Content starts
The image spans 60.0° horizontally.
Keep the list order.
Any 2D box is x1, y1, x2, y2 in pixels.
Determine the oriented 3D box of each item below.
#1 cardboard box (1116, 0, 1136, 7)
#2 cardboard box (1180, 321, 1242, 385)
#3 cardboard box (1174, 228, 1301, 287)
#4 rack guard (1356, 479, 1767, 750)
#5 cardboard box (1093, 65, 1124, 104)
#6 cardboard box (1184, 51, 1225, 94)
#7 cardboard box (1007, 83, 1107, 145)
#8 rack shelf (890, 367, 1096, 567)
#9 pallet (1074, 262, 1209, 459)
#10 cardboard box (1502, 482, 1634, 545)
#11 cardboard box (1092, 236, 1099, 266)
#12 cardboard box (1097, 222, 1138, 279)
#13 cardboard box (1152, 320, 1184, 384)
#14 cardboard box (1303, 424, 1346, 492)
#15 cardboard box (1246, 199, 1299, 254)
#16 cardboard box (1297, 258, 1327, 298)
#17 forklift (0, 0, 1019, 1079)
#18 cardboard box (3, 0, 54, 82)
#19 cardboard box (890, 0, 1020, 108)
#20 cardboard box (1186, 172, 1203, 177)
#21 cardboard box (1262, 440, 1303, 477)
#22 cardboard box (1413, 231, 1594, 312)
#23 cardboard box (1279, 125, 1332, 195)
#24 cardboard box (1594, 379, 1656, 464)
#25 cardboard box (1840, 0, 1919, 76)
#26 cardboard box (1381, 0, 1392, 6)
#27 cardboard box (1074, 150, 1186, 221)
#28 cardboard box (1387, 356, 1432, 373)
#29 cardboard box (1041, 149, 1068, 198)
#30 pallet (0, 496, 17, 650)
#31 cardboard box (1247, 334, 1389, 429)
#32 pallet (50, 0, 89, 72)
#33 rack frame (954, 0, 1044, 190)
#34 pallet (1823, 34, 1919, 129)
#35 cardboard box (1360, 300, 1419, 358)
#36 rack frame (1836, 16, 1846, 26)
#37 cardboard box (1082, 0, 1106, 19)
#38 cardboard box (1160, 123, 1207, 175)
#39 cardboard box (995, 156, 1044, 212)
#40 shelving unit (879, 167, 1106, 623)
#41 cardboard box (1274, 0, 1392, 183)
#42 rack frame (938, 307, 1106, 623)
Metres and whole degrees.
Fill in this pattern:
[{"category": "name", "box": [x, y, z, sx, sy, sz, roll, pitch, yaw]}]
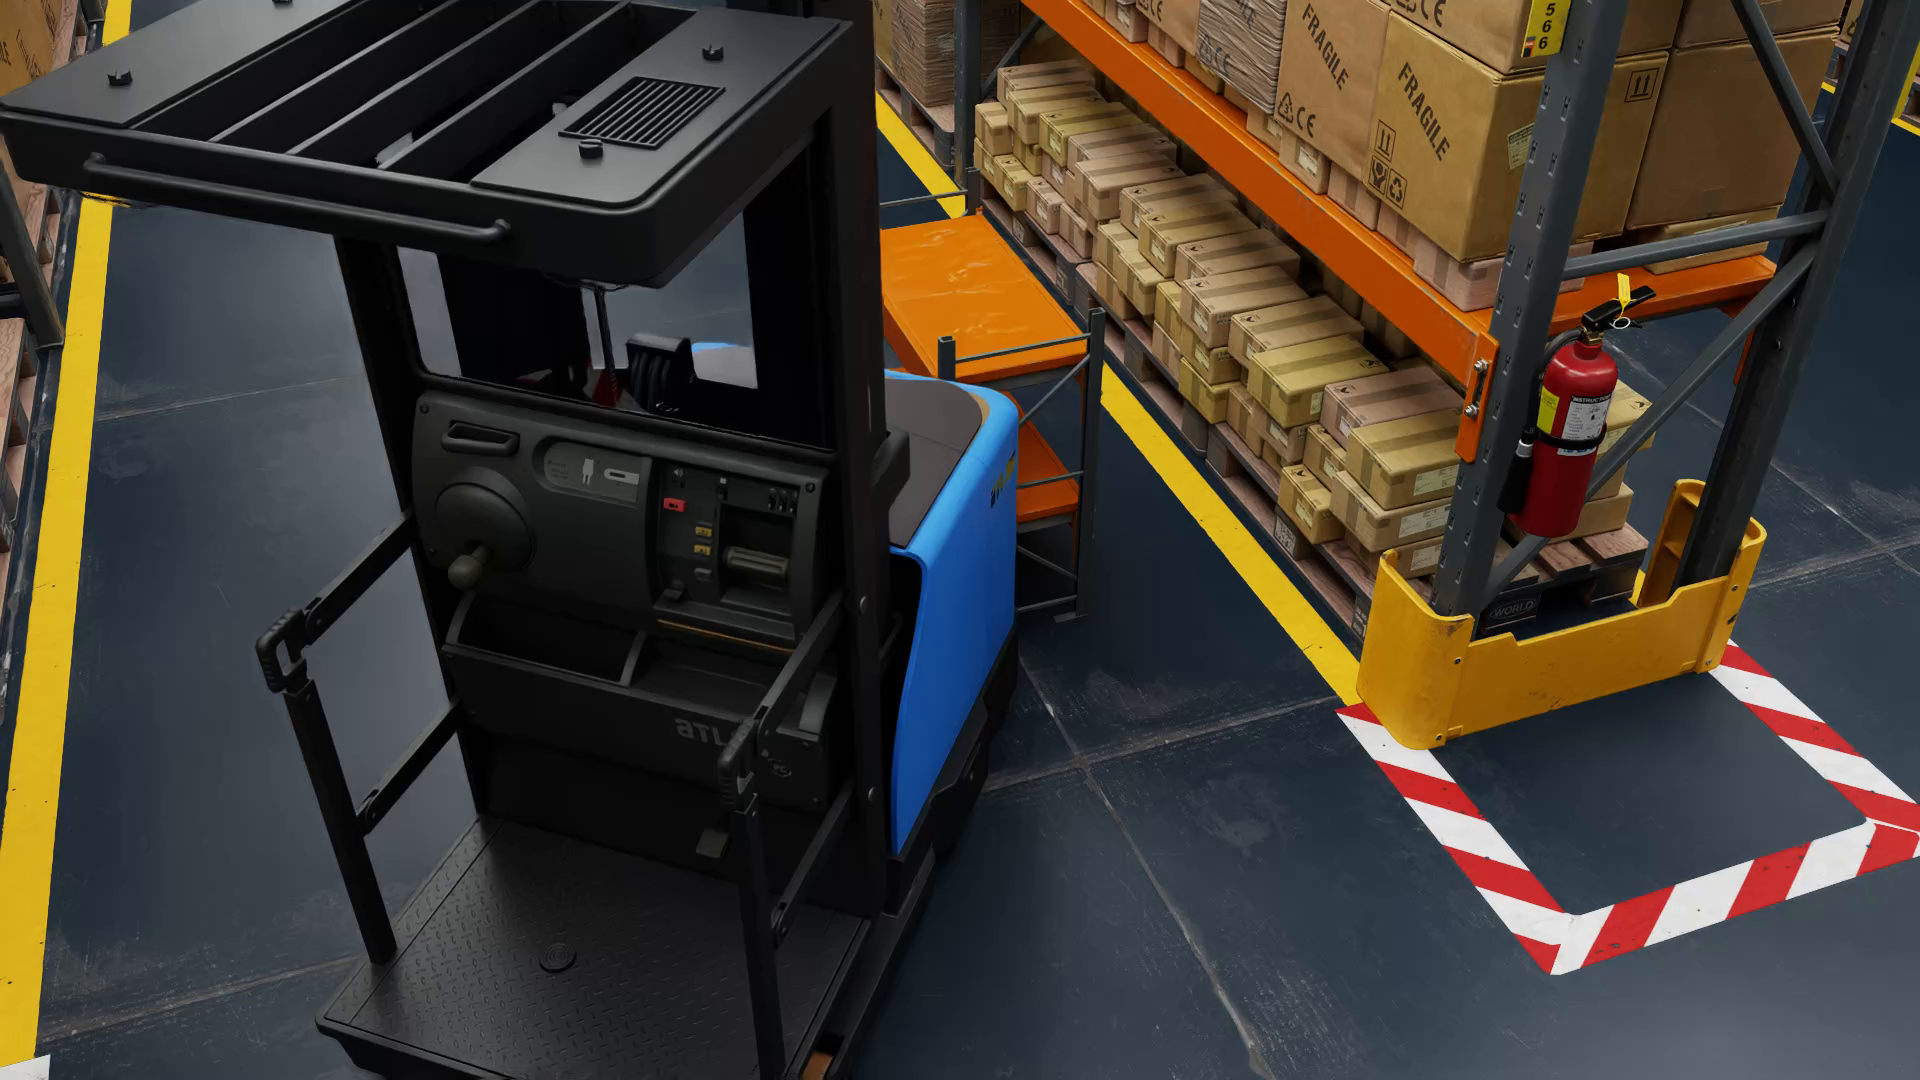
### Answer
[{"category": "cardboard box", "box": [0.712, -2.255, 5.921, 0.500, 0.500, 0.500, -13, 39, -17]}, {"category": "cardboard box", "box": [1.018, -0.709, 5.971, 0.380, 0.149, 0.250, -12, 39, -15]}, {"category": "cardboard box", "box": [1.016, -0.997, 6.107, 0.380, 0.149, 0.250, -14, 39, -17]}, {"category": "rack guard", "box": [1.812, 0.217, 5.047, 1.175, 0.500, 0.348, -12, 39, -16]}, {"category": "cardboard box", "box": [0.828, -2.118, 7.595, 0.380, 0.149, 0.250, -11, 38, -15]}, {"category": "cardboard box", "box": [0.993, -1.657, 5.665, 0.380, 0.149, 0.250, -12, 39, -15]}, {"category": "cardboard box", "box": [0.425, -1.860, 7.252, 0.380, 0.149, 0.250, -11, 38, -14]}, {"category": "rack shelf", "box": [0.002, -0.250, 5.554, 0.538, 0.278, 1.000, -12, 39, -16]}, {"category": "pallet", "box": [1.150, -0.822, 6.666, 1.003, 0.211, 1.213, -12, 39, -16]}, {"category": "cardboard box", "box": [1.958, -0.130, 5.450, 0.380, 0.149, 0.250, -12, 39, -15]}, {"category": "cardboard box", "box": [0.771, -1.198, 6.867, 0.380, 0.149, 0.250, -14, 39, -18]}, {"category": "cardboard box", "box": [0.765, -1.152, 6.559, 0.380, 0.149, 0.250, -13, 39, -16]}, {"category": "cardboard box", "box": [0.948, -0.740, 6.260, 0.380, 0.149, 0.250, -12, 39, -15]}, {"category": "cardboard box", "box": [1.349, -0.285, 5.408, 0.380, 0.149, 0.250, -13, 39, -17]}, {"category": "cardboard box", "box": [1.329, -1.233, 6.420, 0.380, 0.149, 0.250, -12, 39, -16]}, {"category": "cardboard box", "box": [1.391, -0.964, 6.311, 0.380, 0.149, 0.250, -11, 38, -14]}, {"category": "forklift", "box": [-0.787, 0.029, 3.275, 1.130, 2.935, 3.031, 12, 39, 15]}, {"category": "cardboard box", "box": [-5.065, -2.583, 8.103, 0.875, 0.875, 0.875, -12, 39, -15]}, {"category": "cardboard box", "box": [-0.030, -2.534, 8.349, 0.500, 0.500, 0.500, -13, 39, -17]}, {"category": "cardboard box", "box": [1.076, -1.574, 7.120, 0.380, 0.149, 0.250, -12, 39, -16]}, {"category": "cardboard box", "box": [1.268, -0.314, 5.694, 0.380, 0.149, 0.250, -13, 39, -16]}, {"category": "cardboard box", "box": [1.461, -0.764, 4.480, 0.380, 0.149, 0.250, -12, 39, -16]}, {"category": "cardboard box", "box": [1.200, -1.190, 5.046, 0.380, 0.149, 0.250, -11, 38, -15]}, {"category": "cardboard box", "box": [1.977, -0.372, 5.277, 0.380, 0.149, 0.250, -14, 39, -18]}, {"category": "cardboard box", "box": [5.305, -2.898, 8.521, 0.875, 0.875, 0.875, -12, 39, -16]}, {"category": "cardboard box", "box": [1.273, -1.790, 4.472, 0.500, 0.500, 0.500, -14, 39, -17]}, {"category": "cardboard box", "box": [0.680, -1.424, 6.673, 0.380, 0.149, 0.250, -12, 39, -15]}, {"category": "cardboard box", "box": [1.690, -0.522, 5.723, 0.380, 0.149, 0.250, -12, 39, -15]}, {"category": "cardboard box", "box": [0.575, -1.621, 7.182, 0.380, 0.149, 0.250, -13, 39, -16]}, {"category": "pallet", "box": [-3.540, 0.333, 5.132, 1.003, 0.211, 1.213, -12, 39, -16]}, {"category": "cardboard box", "box": [1.177, -0.526, 5.481, 0.380, 0.149, 0.250, -13, 39, -17]}, {"category": "pallet", "box": [-5.327, -2.601, 9.028, 1.003, 0.211, 1.213, -12, 39, -16]}, {"category": "rack frame", "box": [0.462, -2.999, 7.238, 1.000, 3.000, 0.127, -12, 39, -16]}, {"category": "pallet", "box": [5.342, -2.409, 8.772, 1.003, 0.211, 1.213, -12, 39, -16]}, {"category": "cardboard box", "box": [1.639, -0.795, 5.838, 0.380, 0.149, 0.250, -14, 39, -18]}, {"category": "rack frame", "box": [5.153, -3.968, 8.525, 1.000, 3.000, 0.127, -12, 39, -16]}, {"category": "cardboard box", "box": [0.665, -2.089, 6.240, 0.380, 0.149, 0.250, -12, 39, -15]}, {"category": "cardboard box", "box": [1.062, -1.680, 7.013, 0.380, 0.149, 0.250, -11, 38, -14]}, {"category": "cardboard box", "box": [0.377, -1.605, 7.408, 0.380, 0.149, 0.250, -11, 38, -15]}, {"category": "shelving unit", "box": [0.002, -0.445, 5.407, 0.538, 1.125, 1.048, -12, 39, -16]}, {"category": "cardboard box", "box": [1.269, -1.390, 4.772, 0.500, 0.500, 0.500, -13, 39, -17]}, {"category": "rack frame", "box": [0.177, -0.158, 5.025, 0.500, 1.125, 0.032, -12, 39, -16]}]
Content ends
• [Exercise details]
An exact retyping of the material, minus the pictures, is the required answer.

• [Finished exercise]
The image spans 60.0° horizontally.
Keep the list order.
Any 2D box is x1, y1, x2, y2 in pixels.
Determine the oriented 3D box of each item below.
#1 cardboard box (1116, 0, 1136, 7)
#2 cardboard box (1180, 321, 1242, 385)
#3 cardboard box (1174, 228, 1301, 287)
#4 rack guard (1356, 479, 1767, 750)
#5 cardboard box (1093, 65, 1124, 104)
#6 cardboard box (1184, 51, 1225, 94)
#7 cardboard box (1007, 83, 1107, 145)
#8 rack shelf (890, 367, 1096, 567)
#9 pallet (1074, 262, 1209, 459)
#10 cardboard box (1502, 482, 1634, 545)
#11 cardboard box (1092, 236, 1099, 266)
#12 cardboard box (1097, 222, 1138, 279)
#13 cardboard box (1152, 320, 1184, 384)
#14 cardboard box (1303, 424, 1346, 492)
#15 cardboard box (1246, 199, 1299, 254)
#16 cardboard box (1297, 258, 1327, 298)
#17 forklift (0, 0, 1019, 1079)
#18 cardboard box (3, 0, 54, 82)
#19 cardboard box (890, 0, 1020, 108)
#20 cardboard box (1186, 172, 1203, 177)
#21 cardboard box (1262, 440, 1303, 477)
#22 cardboard box (1413, 231, 1594, 312)
#23 cardboard box (1279, 125, 1332, 195)
#24 cardboard box (1594, 379, 1656, 464)
#25 cardboard box (1840, 0, 1919, 76)
#26 cardboard box (1381, 0, 1392, 6)
#27 cardboard box (1074, 150, 1186, 221)
#28 cardboard box (1387, 356, 1432, 373)
#29 cardboard box (1041, 149, 1068, 198)
#30 pallet (0, 496, 17, 650)
#31 cardboard box (1247, 334, 1389, 429)
#32 pallet (50, 0, 89, 72)
#33 rack frame (954, 0, 1044, 190)
#34 pallet (1823, 34, 1919, 129)
#35 cardboard box (1360, 300, 1419, 358)
#36 rack frame (1836, 16, 1846, 26)
#37 cardboard box (1082, 0, 1106, 19)
#38 cardboard box (1160, 123, 1207, 175)
#39 cardboard box (995, 156, 1044, 212)
#40 shelving unit (879, 167, 1106, 623)
#41 cardboard box (1274, 0, 1392, 183)
#42 rack frame (938, 307, 1106, 623)
Metres and whole degrees.
Fill in this pattern:
[{"category": "name", "box": [x, y, z, sx, sy, sz, roll, pitch, yaw]}]
### Answer
[{"category": "cardboard box", "box": [0.712, -2.255, 5.921, 0.500, 0.500, 0.500, -13, 39, -17]}, {"category": "cardboard box", "box": [1.018, -0.709, 5.971, 0.380, 0.149, 0.250, -12, 39, -15]}, {"category": "cardboard box", "box": [1.016, -0.997, 6.107, 0.380, 0.149, 0.250, -14, 39, -17]}, {"category": "rack guard", "box": [1.812, 0.217, 5.047, 1.175, 0.500, 0.348, -12, 39, -16]}, {"category": "cardboard box", "box": [0.828, -2.118, 7.595, 0.380, 0.149, 0.250, -11, 38, -15]}, {"category": "cardboard box", "box": [0.993, -1.657, 5.665, 0.380, 0.149, 0.250, -12, 39, -15]}, {"category": "cardboard box", "box": [0.425, -1.860, 7.252, 0.380, 0.149, 0.250, -11, 38, -14]}, {"category": "rack shelf", "box": [0.002, -0.250, 5.554, 0.538, 0.278, 1.000, -12, 39, -16]}, {"category": "pallet", "box": [1.150, -0.822, 6.666, 1.003, 0.211, 1.213, -12, 39, -16]}, {"category": "cardboard box", "box": [1.958, -0.130, 5.450, 0.380, 0.149, 0.250, -12, 39, -15]}, {"category": "cardboard box", "box": [0.771, -1.198, 6.867, 0.380, 0.149, 0.250, -14, 39, -18]}, {"category": "cardboard box", "box": [0.765, -1.152, 6.559, 0.380, 0.149, 0.250, -13, 39, -16]}, {"category": "cardboard box", "box": [0.948, -0.740, 6.260, 0.380, 0.149, 0.250, -12, 39, -15]}, {"category": "cardboard box", "box": [1.349, -0.285, 5.408, 0.380, 0.149, 0.250, -13, 39, -17]}, {"category": "cardboard box", "box": [1.329, -1.233, 6.420, 0.380, 0.149, 0.250, -12, 39, -16]}, {"category": "cardboard box", "box": [1.391, -0.964, 6.311, 0.380, 0.149, 0.250, -11, 38, -14]}, {"category": "forklift", "box": [-0.787, 0.029, 3.275, 1.130, 2.935, 3.031, 12, 39, 15]}, {"category": "cardboard box", "box": [-5.065, -2.583, 8.103, 0.875, 0.875, 0.875, -12, 39, -15]}, {"category": "cardboard box", "box": [-0.030, -2.534, 8.349, 0.500, 0.500, 0.500, -13, 39, -17]}, {"category": "cardboard box", "box": [1.076, -1.574, 7.120, 0.380, 0.149, 0.250, -12, 39, -16]}, {"category": "cardboard box", "box": [1.268, -0.314, 5.694, 0.380, 0.149, 0.250, -13, 39, -16]}, {"category": "cardboard box", "box": [1.461, -0.764, 4.480, 0.380, 0.149, 0.250, -12, 39, -16]}, {"category": "cardboard box", "box": [1.200, -1.190, 5.046, 0.380, 0.149, 0.250, -11, 38, -15]}, {"category": "cardboard box", "box": [1.977, -0.372, 5.277, 0.380, 0.149, 0.250, -14, 39, -18]}, {"category": "cardboard box", "box": [5.305, -2.898, 8.521, 0.875, 0.875, 0.875, -12, 39, -16]}, {"category": "cardboard box", "box": [1.273, -1.790, 4.472, 0.500, 0.500, 0.500, -14, 39, -17]}, {"category": "cardboard box", "box": [0.680, -1.424, 6.673, 0.380, 0.149, 0.250, -12, 39, -15]}, {"category": "cardboard box", "box": [1.690, -0.522, 5.723, 0.380, 0.149, 0.250, -12, 39, -15]}, {"category": "cardboard box", "box": [0.575, -1.621, 7.182, 0.380, 0.149, 0.250, -13, 39, -16]}, {"category": "pallet", "box": [-3.540, 0.333, 5.132, 1.003, 0.211, 1.213, -12, 39, -16]}, {"category": "cardboard box", "box": [1.177, -0.526, 5.481, 0.380, 0.149, 0.250, -13, 39, -17]}, {"category": "pallet", "box": [-5.327, -2.601, 9.028, 1.003, 0.211, 1.213, -12, 39, -16]}, {"category": "rack frame", "box": [0.462, -2.999, 7.238, 1.000, 3.000, 0.127, -12, 39, -16]}, {"category": "pallet", "box": [5.342, -2.409, 8.772, 1.003, 0.211, 1.213, -12, 39, -16]}, {"category": "cardboard box", "box": [1.639, -0.795, 5.838, 0.380, 0.149, 0.250, -14, 39, -18]}, {"category": "rack frame", "box": [5.153, -3.968, 8.525, 1.000, 3.000, 0.127, -12, 39, -16]}, {"category": "cardboard box", "box": [0.665, -2.089, 6.240, 0.380, 0.149, 0.250, -12, 39, -15]}, {"category": "cardboard box", "box": [1.062, -1.680, 7.013, 0.380, 0.149, 0.250, -11, 38, -14]}, {"category": "cardboard box", "box": [0.377, -1.605, 7.408, 0.380, 0.149, 0.250, -11, 38, -15]}, {"category": "shelving unit", "box": [0.002, -0.445, 5.407, 0.538, 1.125, 1.048, -12, 39, -16]}, {"category": "cardboard box", "box": [1.269, -1.390, 4.772, 0.500, 0.500, 0.500, -13, 39, -17]}, {"category": "rack frame", "box": [0.177, -0.158, 5.025, 0.500, 1.125, 0.032, -12, 39, -16]}]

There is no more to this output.